**Work instructions:** The following data has a line with "- car (1316, 640, 1397, 675)" and a line with "- car (1079, 552, 1919, 977)". Write out exactly those lines and all the lines between them.
──────── Provided material
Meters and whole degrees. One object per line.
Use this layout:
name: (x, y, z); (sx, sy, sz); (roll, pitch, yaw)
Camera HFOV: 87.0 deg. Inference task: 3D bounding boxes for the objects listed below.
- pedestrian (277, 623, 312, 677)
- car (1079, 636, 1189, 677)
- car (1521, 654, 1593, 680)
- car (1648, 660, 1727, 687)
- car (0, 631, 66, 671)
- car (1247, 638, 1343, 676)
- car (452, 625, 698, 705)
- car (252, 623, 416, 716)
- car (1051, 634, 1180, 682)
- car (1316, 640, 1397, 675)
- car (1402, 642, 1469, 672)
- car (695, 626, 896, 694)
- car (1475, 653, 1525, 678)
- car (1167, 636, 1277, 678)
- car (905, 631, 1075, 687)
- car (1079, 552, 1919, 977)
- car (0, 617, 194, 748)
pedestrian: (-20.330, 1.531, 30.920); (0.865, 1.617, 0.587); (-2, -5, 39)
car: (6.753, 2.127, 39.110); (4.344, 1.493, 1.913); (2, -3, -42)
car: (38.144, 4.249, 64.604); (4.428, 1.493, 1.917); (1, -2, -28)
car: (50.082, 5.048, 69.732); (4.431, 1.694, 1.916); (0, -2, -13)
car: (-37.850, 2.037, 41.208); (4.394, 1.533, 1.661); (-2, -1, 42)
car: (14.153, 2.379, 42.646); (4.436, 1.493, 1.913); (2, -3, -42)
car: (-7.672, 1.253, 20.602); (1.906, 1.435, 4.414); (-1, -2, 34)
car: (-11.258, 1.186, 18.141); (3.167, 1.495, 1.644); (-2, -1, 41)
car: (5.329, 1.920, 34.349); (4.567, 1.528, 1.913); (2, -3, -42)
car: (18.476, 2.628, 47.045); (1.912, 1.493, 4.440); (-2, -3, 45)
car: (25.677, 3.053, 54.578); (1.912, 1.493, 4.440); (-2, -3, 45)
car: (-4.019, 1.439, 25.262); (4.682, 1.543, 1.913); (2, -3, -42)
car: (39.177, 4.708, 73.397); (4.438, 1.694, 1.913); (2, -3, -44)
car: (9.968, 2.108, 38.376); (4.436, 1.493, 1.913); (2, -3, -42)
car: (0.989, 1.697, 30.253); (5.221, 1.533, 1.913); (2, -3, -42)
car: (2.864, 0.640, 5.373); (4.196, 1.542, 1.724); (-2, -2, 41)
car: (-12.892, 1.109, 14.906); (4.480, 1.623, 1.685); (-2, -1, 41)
────────────────
**Task answer:**
- car (1316, 640, 1397, 675)
- car (1402, 642, 1469, 672)
- car (695, 626, 896, 694)
- car (1475, 653, 1525, 678)
- car (1167, 636, 1277, 678)
- car (905, 631, 1075, 687)
- car (1079, 552, 1919, 977)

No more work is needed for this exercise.